One way that current authorization solutions do this is to pass the domain-specific data in at evaluation time. This keeps the majority of the application data in the application where you need it most, and it allows you to use it in the authorization system when you need it for an authorization decision. But there are drawbacks to this approach:

  • You’re sending a lot more data over the wire every time you make an authorization decision
  • You need to remember which authorization data lives in the authorization system and which doesn’t
  • It’s more difficult to trace how an authorization decision was made when you need to debug

We’re getting warmer, but we’re not there yet.
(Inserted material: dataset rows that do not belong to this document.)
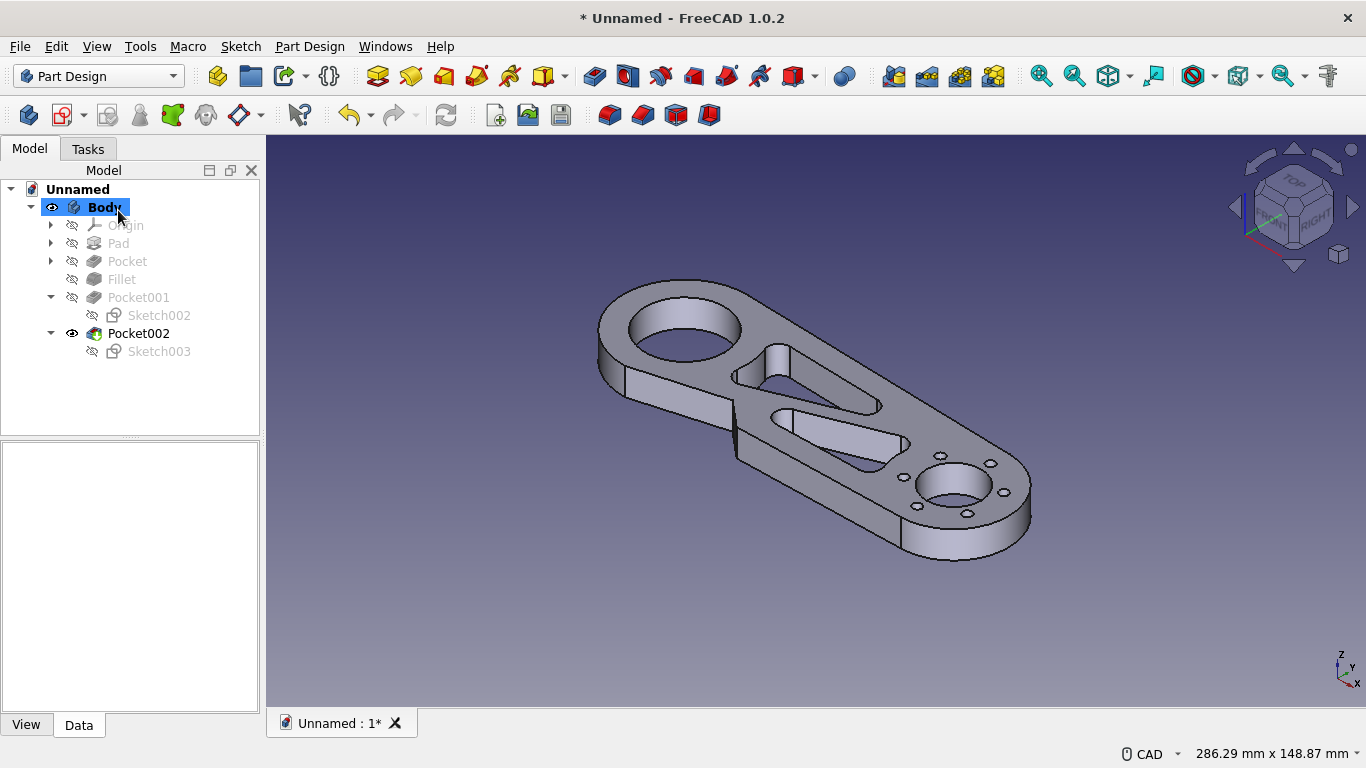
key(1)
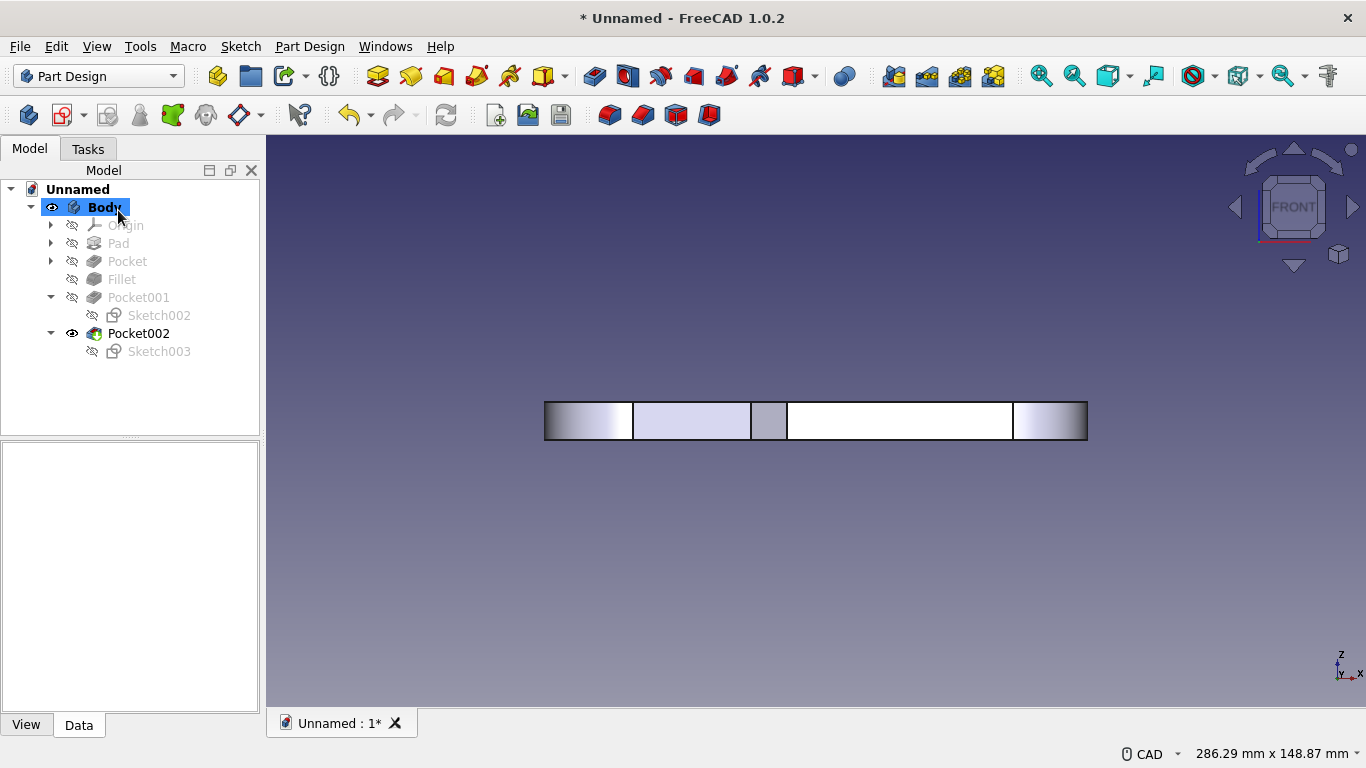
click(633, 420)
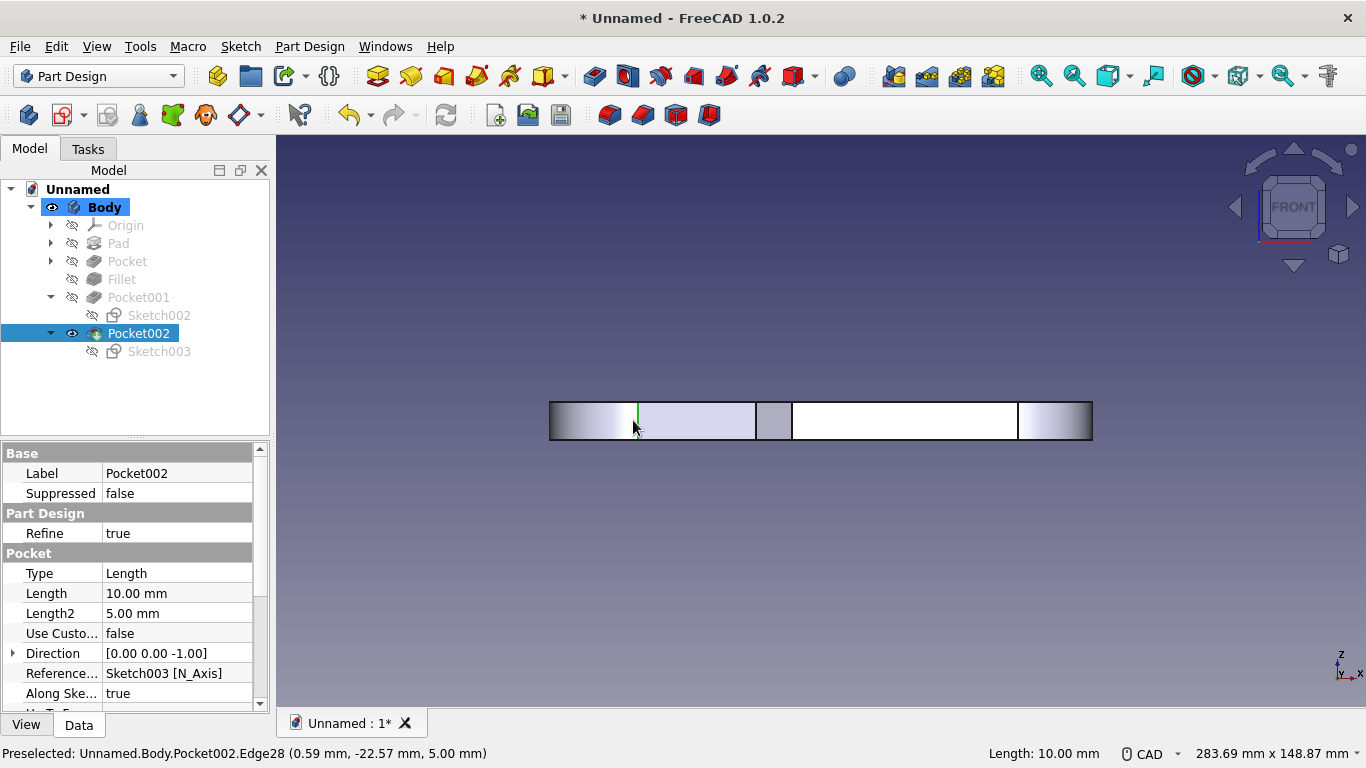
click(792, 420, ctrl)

The Little Bear’s Authorization Solution

Goldilocks of authorization

If you’re thinking it’s a bit disingenuous of us to rail against centralization like this, we agree! After all, it’s how Oso Cloud has worked to date. But that’s never been the end state for us. We have a longer-term vision for how authorization should work where your authorization system adapts to your application architecture, not the other way around.

What if you could answer authorization questions without centralizing your authorization data AND without passing your application data for each authorization request? What would something like that look like? Could your application and your authorization system collaborate on authorization decisions?

We think a hybrid model like this is just right. It would let the authorization system take care of the general-purpose logic that it’s responsible for, while the application handles the domain-specific logic that it’s responsible for. Neither would have to pass data to the other. Your team wouldn’t have to build and maintain brittle synchronization systems.

This isn’t an easy problem, but that’s what makes it fun. We’ve actually been planning this for years, and it’s not far from being reality. We still have a couple edges to sand down, but if we’ve piqued your interest, drop us a line on Slack or set up an appointment to talk to us. Or torch us on Twitter – that works too.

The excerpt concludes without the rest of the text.